# Preparing Listing for Analysis and Additional Machine Learning

**The data come from DynamoDB backups in S3 and are in JSON format.**

In [16]:
import boto3

import pandas as pd
import gzip
import shutil
import json

## Read Data from DynamoDB

In [17]:
dynamodb = boto3.resource('dynamodb')
table = dynamodb.Table('properties_enriched')

In [38]:
def get_comprehend_data(property_id):
    """
    AWS Comprehend needs labels and text to build a custom model, this function these two fields,
    from a single record in a dynamoDB table.

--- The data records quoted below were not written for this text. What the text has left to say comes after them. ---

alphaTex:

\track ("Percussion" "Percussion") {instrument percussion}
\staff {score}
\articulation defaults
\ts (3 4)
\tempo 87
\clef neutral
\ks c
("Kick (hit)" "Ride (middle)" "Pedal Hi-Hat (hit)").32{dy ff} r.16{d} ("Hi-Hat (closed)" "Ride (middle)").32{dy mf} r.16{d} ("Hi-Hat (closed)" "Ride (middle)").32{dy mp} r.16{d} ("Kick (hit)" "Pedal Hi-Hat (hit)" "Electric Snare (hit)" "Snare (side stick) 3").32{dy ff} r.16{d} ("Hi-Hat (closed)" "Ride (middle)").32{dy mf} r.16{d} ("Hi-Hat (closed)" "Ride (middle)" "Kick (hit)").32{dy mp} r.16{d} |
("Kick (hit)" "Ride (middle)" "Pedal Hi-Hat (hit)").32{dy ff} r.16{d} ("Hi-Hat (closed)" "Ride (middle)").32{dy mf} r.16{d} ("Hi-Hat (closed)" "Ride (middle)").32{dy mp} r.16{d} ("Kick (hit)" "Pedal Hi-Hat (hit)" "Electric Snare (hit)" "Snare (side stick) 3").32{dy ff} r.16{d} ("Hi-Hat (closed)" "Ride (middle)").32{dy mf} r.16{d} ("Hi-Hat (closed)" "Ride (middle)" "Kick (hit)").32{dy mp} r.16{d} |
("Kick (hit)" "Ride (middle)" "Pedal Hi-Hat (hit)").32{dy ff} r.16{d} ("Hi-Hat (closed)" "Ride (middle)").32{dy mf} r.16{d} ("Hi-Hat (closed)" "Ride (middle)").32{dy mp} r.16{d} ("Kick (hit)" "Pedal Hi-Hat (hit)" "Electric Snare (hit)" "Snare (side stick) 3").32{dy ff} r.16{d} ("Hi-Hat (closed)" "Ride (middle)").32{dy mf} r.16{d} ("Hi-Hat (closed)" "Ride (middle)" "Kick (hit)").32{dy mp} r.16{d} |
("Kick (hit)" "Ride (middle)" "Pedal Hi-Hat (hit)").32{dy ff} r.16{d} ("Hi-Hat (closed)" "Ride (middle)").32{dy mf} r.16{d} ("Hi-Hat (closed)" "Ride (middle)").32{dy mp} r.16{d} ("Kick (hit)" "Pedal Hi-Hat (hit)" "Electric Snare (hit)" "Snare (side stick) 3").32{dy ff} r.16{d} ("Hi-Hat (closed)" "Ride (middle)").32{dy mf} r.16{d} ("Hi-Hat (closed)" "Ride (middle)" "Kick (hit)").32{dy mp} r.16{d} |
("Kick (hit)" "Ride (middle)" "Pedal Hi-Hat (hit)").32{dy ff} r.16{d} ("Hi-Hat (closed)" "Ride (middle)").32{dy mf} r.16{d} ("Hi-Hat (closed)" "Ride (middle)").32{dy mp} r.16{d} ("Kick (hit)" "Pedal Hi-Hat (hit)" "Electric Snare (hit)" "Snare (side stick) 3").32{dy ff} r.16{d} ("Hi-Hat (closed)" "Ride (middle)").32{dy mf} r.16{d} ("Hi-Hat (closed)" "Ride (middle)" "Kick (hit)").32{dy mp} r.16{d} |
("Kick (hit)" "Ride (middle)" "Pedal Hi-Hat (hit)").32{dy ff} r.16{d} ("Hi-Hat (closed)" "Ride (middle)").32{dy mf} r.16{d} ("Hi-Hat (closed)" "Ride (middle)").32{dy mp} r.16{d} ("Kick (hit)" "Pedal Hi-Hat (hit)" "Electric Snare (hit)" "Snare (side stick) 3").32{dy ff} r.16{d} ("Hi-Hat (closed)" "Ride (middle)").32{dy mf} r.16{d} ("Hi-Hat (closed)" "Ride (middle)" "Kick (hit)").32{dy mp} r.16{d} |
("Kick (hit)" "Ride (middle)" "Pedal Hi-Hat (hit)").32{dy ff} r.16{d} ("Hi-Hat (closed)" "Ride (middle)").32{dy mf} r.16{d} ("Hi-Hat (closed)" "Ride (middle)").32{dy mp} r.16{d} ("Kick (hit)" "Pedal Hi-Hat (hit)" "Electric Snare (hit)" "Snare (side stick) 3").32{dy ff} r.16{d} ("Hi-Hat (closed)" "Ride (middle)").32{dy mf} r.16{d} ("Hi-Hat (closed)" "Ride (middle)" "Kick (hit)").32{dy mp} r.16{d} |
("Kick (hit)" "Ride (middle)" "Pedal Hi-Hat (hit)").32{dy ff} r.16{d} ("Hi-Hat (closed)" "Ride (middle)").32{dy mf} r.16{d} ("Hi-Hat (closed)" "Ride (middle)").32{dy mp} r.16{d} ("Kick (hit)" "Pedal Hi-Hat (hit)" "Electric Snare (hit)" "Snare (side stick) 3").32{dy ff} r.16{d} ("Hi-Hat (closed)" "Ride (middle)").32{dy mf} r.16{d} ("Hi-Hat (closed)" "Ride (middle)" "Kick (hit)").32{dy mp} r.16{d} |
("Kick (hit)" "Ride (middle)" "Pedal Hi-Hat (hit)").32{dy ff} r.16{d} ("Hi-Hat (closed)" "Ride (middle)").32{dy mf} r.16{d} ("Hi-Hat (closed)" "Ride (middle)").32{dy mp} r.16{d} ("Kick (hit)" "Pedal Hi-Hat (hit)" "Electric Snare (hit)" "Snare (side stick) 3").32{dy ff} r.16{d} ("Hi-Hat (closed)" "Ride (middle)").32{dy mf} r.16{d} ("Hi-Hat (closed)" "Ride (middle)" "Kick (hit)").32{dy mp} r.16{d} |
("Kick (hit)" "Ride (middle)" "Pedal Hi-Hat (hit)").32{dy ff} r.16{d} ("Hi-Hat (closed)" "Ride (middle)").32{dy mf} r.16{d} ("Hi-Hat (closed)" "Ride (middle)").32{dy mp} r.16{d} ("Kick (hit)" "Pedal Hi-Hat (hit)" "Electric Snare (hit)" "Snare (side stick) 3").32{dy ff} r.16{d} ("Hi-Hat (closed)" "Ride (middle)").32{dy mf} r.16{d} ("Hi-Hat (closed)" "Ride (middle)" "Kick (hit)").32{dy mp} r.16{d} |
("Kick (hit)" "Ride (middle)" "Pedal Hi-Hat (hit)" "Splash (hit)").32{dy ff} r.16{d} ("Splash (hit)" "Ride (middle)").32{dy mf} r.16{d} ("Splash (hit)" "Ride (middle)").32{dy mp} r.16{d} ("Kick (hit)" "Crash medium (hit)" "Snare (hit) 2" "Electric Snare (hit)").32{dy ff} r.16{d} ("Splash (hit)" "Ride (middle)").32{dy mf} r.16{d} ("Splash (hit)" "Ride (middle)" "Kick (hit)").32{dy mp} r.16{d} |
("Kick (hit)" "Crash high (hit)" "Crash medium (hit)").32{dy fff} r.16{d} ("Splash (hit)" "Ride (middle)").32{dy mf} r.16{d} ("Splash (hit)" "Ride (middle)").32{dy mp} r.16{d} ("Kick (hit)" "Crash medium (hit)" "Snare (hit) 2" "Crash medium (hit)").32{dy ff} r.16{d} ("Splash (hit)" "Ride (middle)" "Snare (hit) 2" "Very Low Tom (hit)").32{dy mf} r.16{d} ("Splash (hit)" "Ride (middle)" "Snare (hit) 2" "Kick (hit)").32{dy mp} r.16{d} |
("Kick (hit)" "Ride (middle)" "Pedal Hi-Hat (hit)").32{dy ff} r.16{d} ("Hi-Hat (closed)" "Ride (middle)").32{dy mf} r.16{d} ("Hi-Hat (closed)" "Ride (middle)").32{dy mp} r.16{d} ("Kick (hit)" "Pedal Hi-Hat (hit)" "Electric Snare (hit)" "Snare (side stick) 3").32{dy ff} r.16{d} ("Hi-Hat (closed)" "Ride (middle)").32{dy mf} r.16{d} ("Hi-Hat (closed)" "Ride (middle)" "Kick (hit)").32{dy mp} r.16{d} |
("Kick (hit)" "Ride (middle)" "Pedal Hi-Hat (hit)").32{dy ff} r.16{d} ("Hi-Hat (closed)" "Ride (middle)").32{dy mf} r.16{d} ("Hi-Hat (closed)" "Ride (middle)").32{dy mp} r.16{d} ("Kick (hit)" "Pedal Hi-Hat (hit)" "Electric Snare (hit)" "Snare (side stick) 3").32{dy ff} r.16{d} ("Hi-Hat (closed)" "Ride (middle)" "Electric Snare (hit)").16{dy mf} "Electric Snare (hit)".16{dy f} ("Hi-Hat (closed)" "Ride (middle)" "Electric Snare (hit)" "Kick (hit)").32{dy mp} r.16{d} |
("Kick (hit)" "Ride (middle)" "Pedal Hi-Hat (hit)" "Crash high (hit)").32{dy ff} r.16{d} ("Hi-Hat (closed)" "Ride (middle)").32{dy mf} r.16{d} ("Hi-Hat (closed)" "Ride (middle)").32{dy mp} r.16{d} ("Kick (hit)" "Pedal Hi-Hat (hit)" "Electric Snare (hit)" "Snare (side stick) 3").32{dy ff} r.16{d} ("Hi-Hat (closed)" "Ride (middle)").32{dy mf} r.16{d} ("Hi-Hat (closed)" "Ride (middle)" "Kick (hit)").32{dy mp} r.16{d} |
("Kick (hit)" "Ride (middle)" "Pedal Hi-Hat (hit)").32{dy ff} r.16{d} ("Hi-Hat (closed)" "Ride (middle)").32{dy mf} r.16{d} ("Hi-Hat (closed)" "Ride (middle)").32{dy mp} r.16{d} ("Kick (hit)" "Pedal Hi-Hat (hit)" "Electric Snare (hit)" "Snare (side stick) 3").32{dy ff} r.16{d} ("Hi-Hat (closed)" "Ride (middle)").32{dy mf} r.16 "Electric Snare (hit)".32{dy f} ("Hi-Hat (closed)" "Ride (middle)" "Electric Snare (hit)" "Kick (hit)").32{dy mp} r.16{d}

Consider makeing this a lambda.
    
    """

    response = table.get_item(Key={'property_id': property_id})
    property_dict = {}
    

    property_dict['description'] = response['Item']['property_info']['properties'][0]['description']
    property_dict['property_id'] = response['Item']['property_id']

    #creating rehab index/final label
    remodel_dict = {
        "old/dated":0,
        "modern/remodeled": 0,
        "destroyed/mess": 0,
        "unknown": 0,
    }

    for k,v in response['Item']['property_info']['labeled_photos'].items():
        try:
            if v[0][0]['Name'] == "old/dated":
                remodel_dict["old/dated"] = remodel_dict["old/dated"] + 1
            elif v[0][0]['Name'] == "modern/remodeled":
                remodel_dict["modern/remodeled"] = remodel_dict["modern/remodeled"] + 1
            elif v[0][0]['Name'] == "destroyed/mess":
                remodel_dict["destroyed/mess"] = remodel_dict["destroyed/mess"] + 1

        except:
            pass


    pics_with_labels = sum(remodel_dict.values()) 
    
    if pics_with_labels != 0:
        remodel_dict["old/dated"] = round(remodel_dict["old/dated"] / pics_with_labels, 2)
        remodel_dict["modern/remodeled"] = round(remodel_dict["modern/remodeled"] / pics_with_labels, 2)
        remodel_dict['destroyed/mess'] = round(remodel_dict['destroyed/mess'] / pics_with_labels, 2)
        remodel_dict['unknown'] = round(remodel_dict['unknown'] / pics_with_labels, 2)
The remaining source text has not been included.